Web de Gran Colombia Gold. En: www.grancolombiagold.com. Visitada en febrero, 2017

Este lugar ancestral parece estar paradójicamente condenado por sus virtudes, porque debajo de los pies se encuentra su fortuna y su condena: una de las mayores reservas de oro del mundo. Algunos afirman que es la tercera, después de India y Brasil, y su valor se calcula en miles de millones de dólares. En los títulos que posee la multinacional canadiense GCG se anuncia a Marmato como una “Montaña de oro con 14 millones de onzas en reservas”.

Sin embargo, en los alrededores del pueblo hay barrios que carecen del sistema más básico de aguas y alcantarillados, la escuela y el hospital no cuentan con la infraestructura adecuada y la carretera que atraviesa el lugar es una trocha por la que pasan en un tránsito lento, pero constante, burros, caballos y motos, que son los principales medios de transporte para mineros y habitantes.

Mina artesanal en Marmato, una de las tantas que hoy son perseguidas.

 

A 600 metros bajo tierra

“Este es el pueblo más rico y más pobre de Colombia”, comenta Jesús Gallego, miembro del Comité Cívico Pro-defensa de Marmato. Es criminalista de profesión y trompetista por vocación, pero después de cursar sus estudios superiores decidió regresar a Marmato para trabajar en labores de minería artesanal, un oficio que heredó de su padre, quien le enseñó que debido a la tierra fértil en oro nadie se acostaba con el estómago vacío en el pueblo.

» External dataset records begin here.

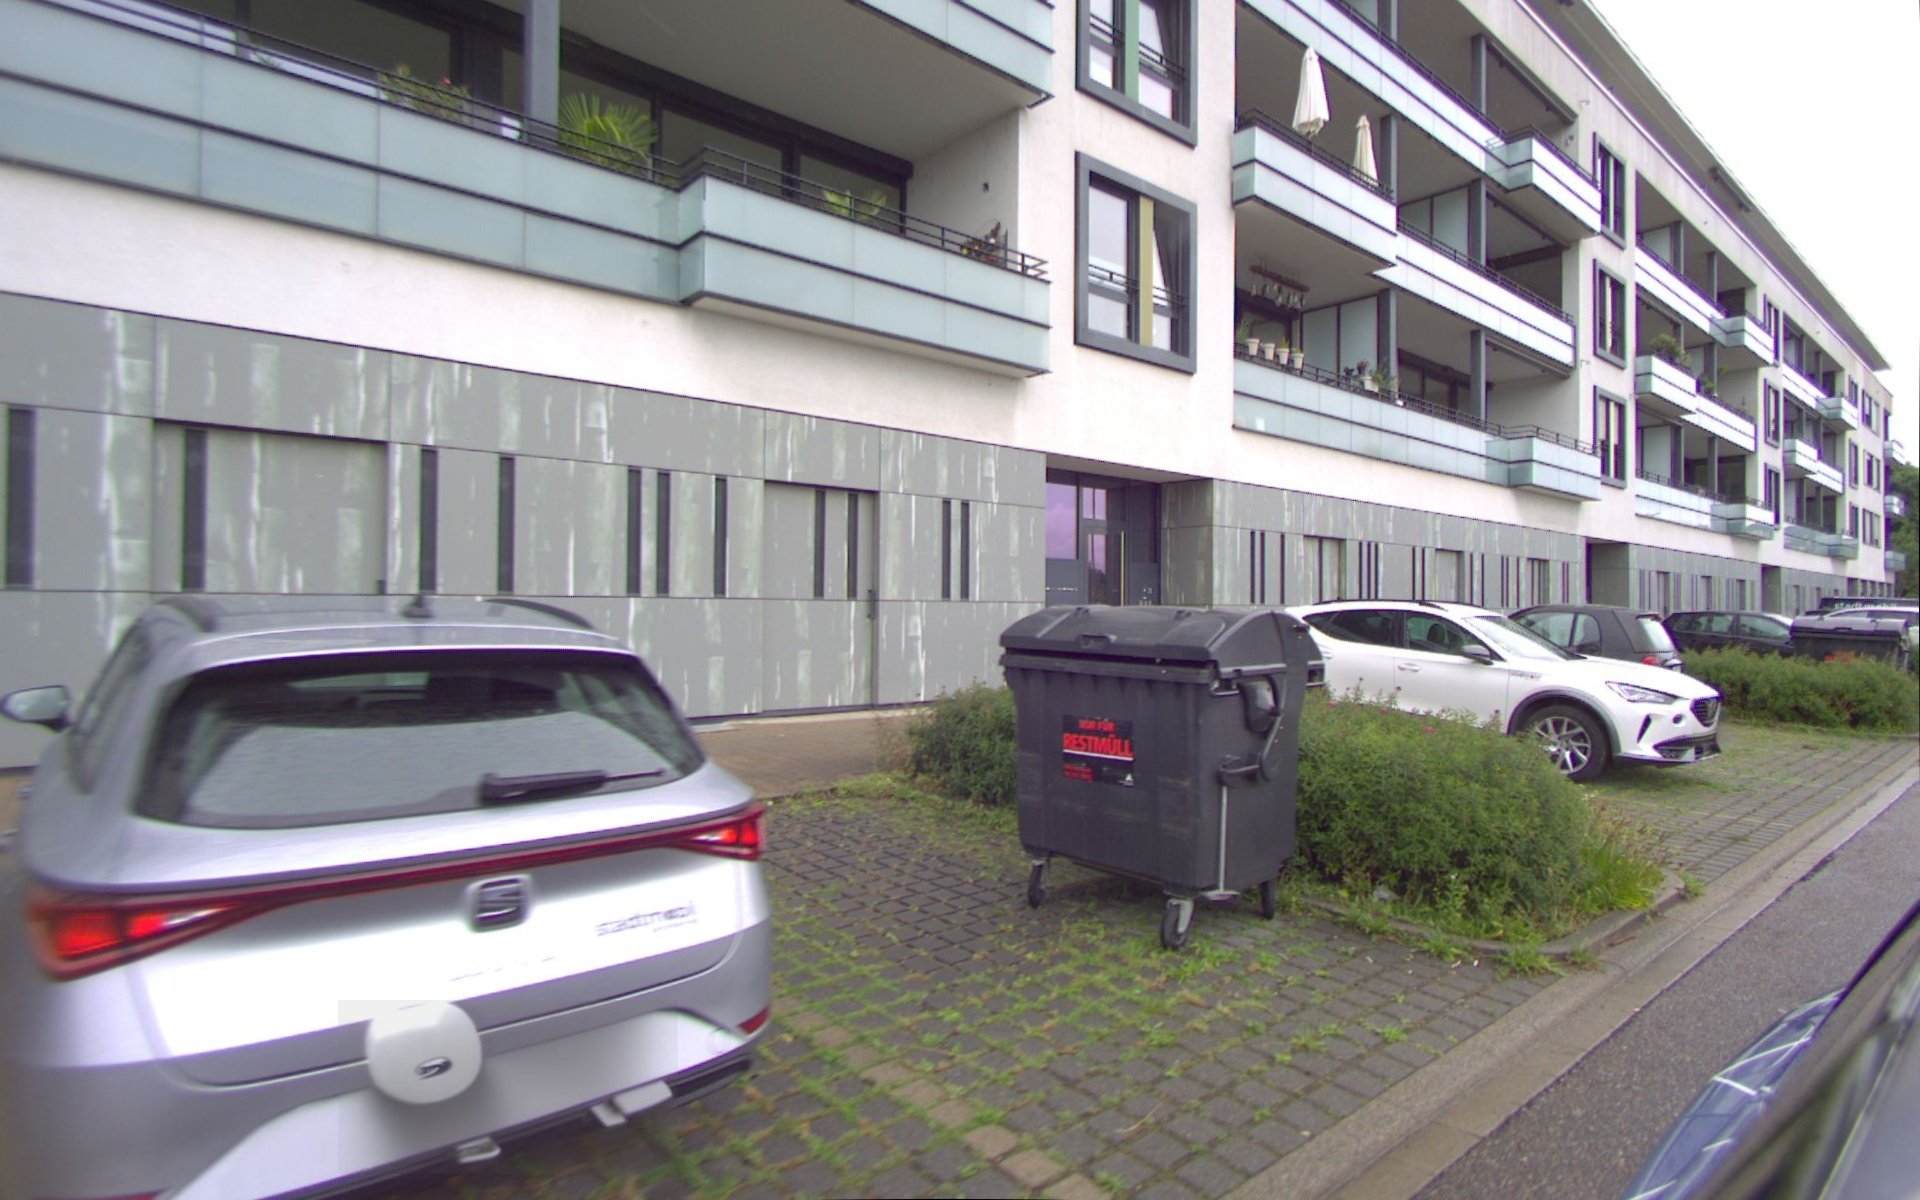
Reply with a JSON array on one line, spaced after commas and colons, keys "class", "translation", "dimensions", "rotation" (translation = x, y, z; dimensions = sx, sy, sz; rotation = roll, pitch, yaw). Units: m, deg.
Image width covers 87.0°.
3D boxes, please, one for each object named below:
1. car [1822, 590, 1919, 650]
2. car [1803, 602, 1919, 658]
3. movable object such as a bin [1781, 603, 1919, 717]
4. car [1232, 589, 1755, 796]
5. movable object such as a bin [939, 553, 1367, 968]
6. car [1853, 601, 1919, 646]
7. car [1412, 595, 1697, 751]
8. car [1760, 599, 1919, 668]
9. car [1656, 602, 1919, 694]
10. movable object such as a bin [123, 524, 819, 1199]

Pero esta labor extractiva es una actividad de alto riesgo; los mineros se juegan la vida detrás de un sueño. El interior de una mina puede ser uno de los lugares más peligrosos y una de las experiencias más difíciles de enfrentar para quienes entran por primera vez. El encierro mientras se avanza a 600 metros debajo de la tierra, el poco espacio, la falta de oxígeno, el calor y los gases que circulan en los túneles, así como la utilización de químicos como el cianuro para el proceso de extracción, pueden opacar el ánimo de cualquier valiente. Hay otros que logran entrar pero no vuelven a salir, como casi le ocurre a Jesús, quien en dos ocasiones se quedó atrapado en una mina: “Ser minero tampoco es fácil. Yo me he quedado atrapado en las minas pasando 16 o hasta 24 horas esperando a que me destapen. En momentos como esos uno no sabe si van a venir a sacarlo a uno, o si cuando lleguen ya esté muerto”.

En la mina se encuentran trabajando por igual campesinos, profesionales y jóvenes universitarios, que encontraron en esta actividad aquello que el campo o la vertiginosa ciudad no les ofreció: una fuente de ingreso y sustento para sus familias.

Pero Marmato no solo es un pueblo lleno de oro, también está lleno de historias. En la plaza principal no se encuentra la habitual estatua de un prócer de independencia, ni una figura religiosa. Entre las efigies allí expuestas está un minero, la estatua de una mujer negra que honra a la población afrodescendiente -que supera el 50 por ciento, según cifras del DANE (Departamento de Estadísticas)- y la imagen de una bruja, que según la leyenda aparece en los ríos del pueblo, decretando que aquellos que beban estas aguas quedarán prendados para siempre de este lugar.

Marmato, una montaña de oro que no ha podido ser consumida en 500 años de historia y explotación sin descanso.